CU: Foscarini è un'azienda che vive di idee, di curiosità, di voglia di sperimentarci e di sperimentare. “Fare design”, a mio avviso, significa dare un senso alle cose, il design è ciò che va oltre la funzione: se devo illuminare una stanza, posso prendere una lampadina e ottengo il risultato. Quello che facciamo noi è aggiungere significato, fascino, senso a una funzione. Questo approccio ci guida non solo nello sviluppo delle collezioni, bensì permea ogni ambito della nostra azienda. Progetti come "Inventario", "What's in a lamp?" e "Vite" seppur diversi tra loro, condividono una base comune: offrono spazio alla creatività, raccolgono ispirazione, favoriscono lo scambio di conoscenze, valorizzano la diversità e la ricchezza che da essa deriva.
Inventario, ad esempio, è un vero e proprio tesoro di idee e ispirazioni. Un progetto editoriale diverso, che abbiamo immaginato e creato con Beppe Finessi nel 2010, e che da allora promuoviamo e sosteniamo con convinzione. Io mi diverto sempre a prendere in mano anche i vecchi numeri, sfogliandoli per trovare ancora nuovi stimoli. Inventario mette in collegamento progetti, opere, oggetti, autori, invitandoci a osservare la realtà con una viva curiosità.
Il progetto VITE rappresenta invece la volontà di osservare le nostre lampade da un altro punto di vista, raccontandole “in azione”, dentro la vita reale delle persone, togliendole dal piedistallo della perfezione con cui spesso nel nostro mondo vengono rappresentati gli oggetti di design.
Anche il progetto What’s in a lamp – che caratterizza da quest’anno il nostro canale Instagram – è un modo per dare voce alla creatività e alla libertà espressiva. Diamo spazio a contenuti originali realizzati da diversi artisti visivi, a cui chiediamo di interpretare le nostre lampade, sempre alla scoperta della potenza delle idee.
CU: Non so se si possa parlare di cose che abbiamo cambiato, ma possiamo affermare che abbiamo “aggiunto” qualche visione originale al mondo della luce.
I prodotti che decidiamo di inserire nel nostro catalogo sono come una foto di famiglia che ha il compito di rappresentare il brand nella sua essenza.

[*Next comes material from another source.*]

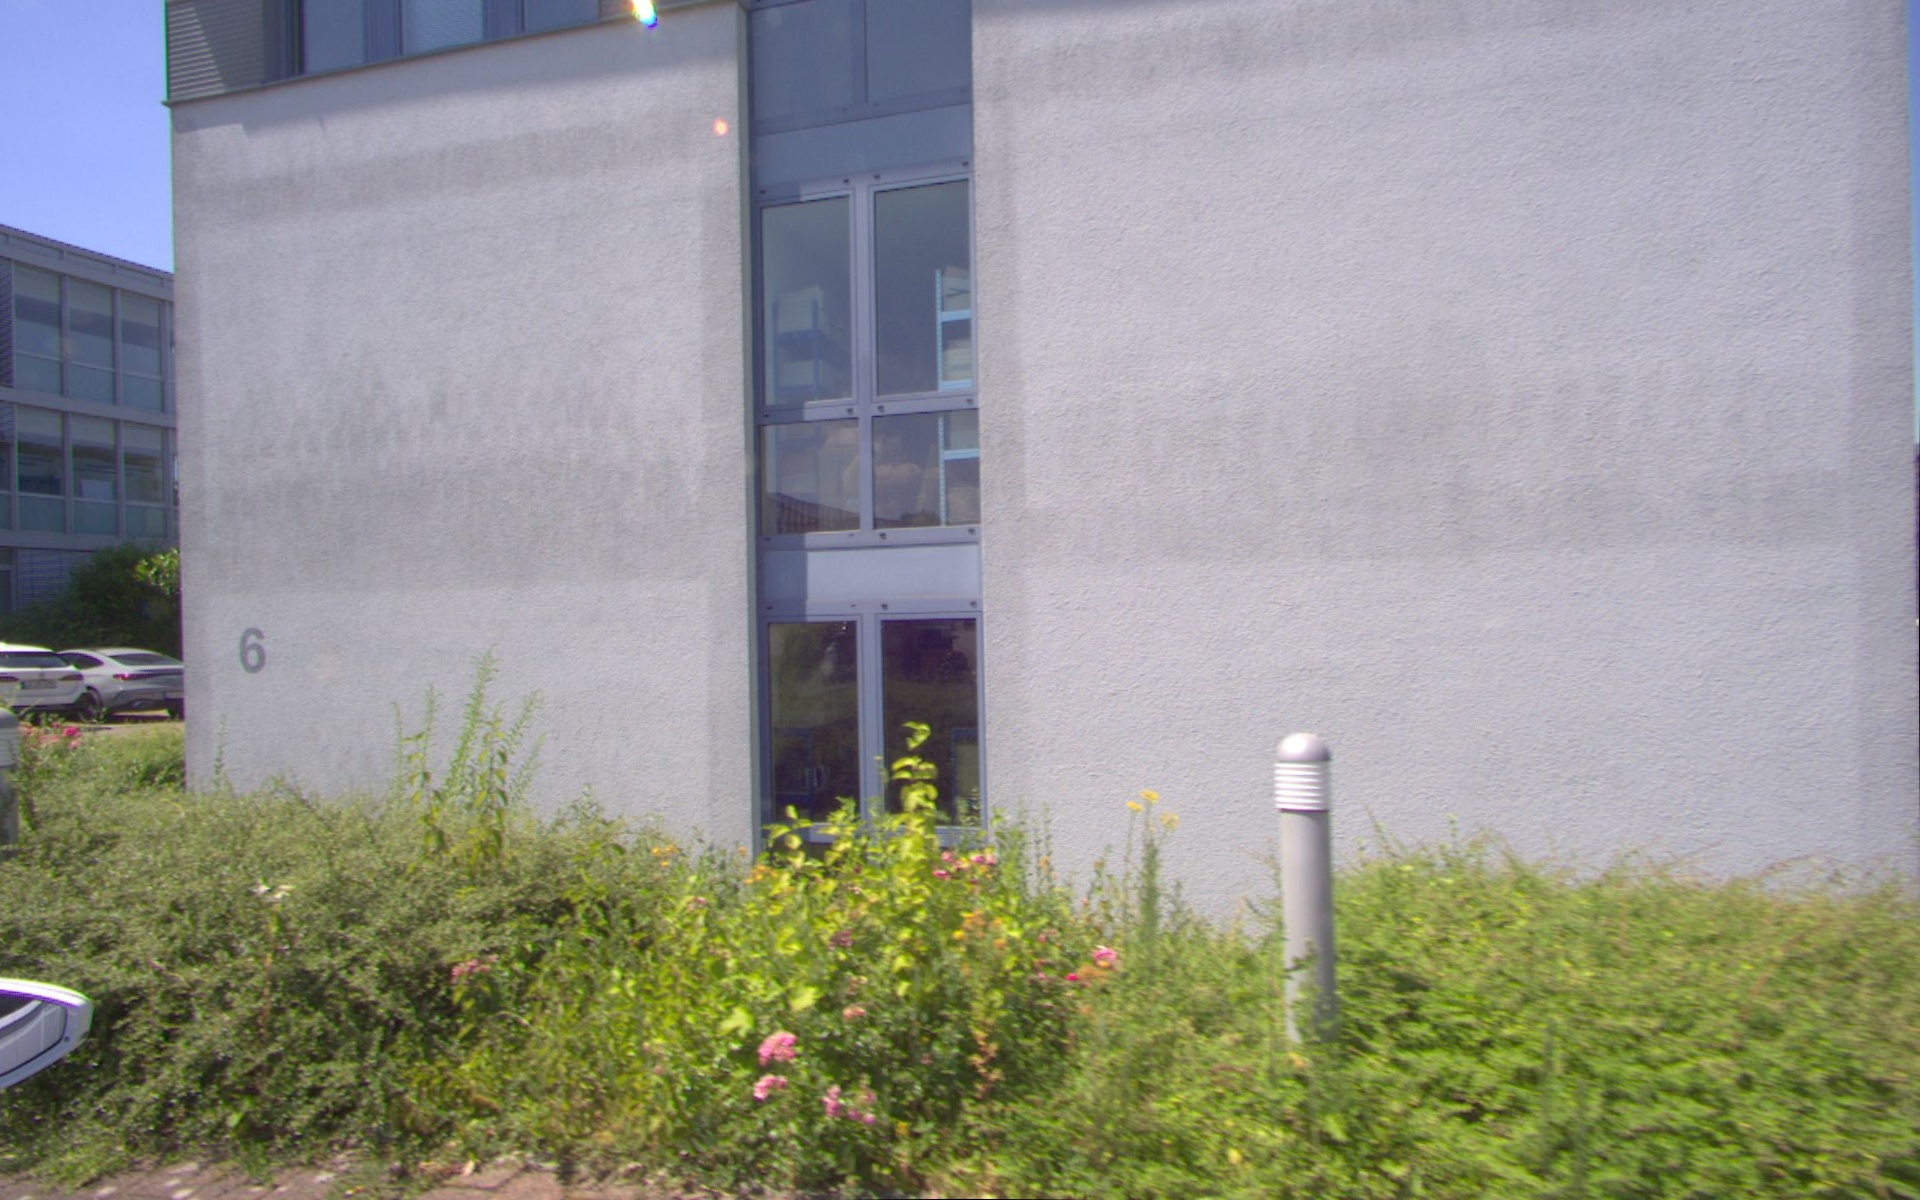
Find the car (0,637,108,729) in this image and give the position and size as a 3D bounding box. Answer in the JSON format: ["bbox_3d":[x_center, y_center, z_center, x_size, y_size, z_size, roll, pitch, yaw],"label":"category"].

Per questo la scelta di una nuova lampada comporta per noi una grande responsabilità, perché diventerà un nuovo tassello che rappresenta l’immagine e il posizionamento del brand. Mi piace pensare che lavoriamo affinché si possa dire che Foscarini se non ci fosse, non ci sarebbe. Perché ci vuole una grande libertà e un certo grado di distacco dalle cose materiali per riuscire a spingere i concetti al limite e proporli al mercato, anche quando rischiano di non essere così facilmente recepiti. Ci è capitato di inserire a catalogo dei pezzi che ci interessavano dal punto di vista del design e della personalità, ma che sapevamo sin dall’inizio non avrebbero potuto avere grande riscontro da parte del mercato. E, talvolta, siamo stati sorpresi: il mercato si è dimostrato più aperto e interessato di quanto ci aspettassimo.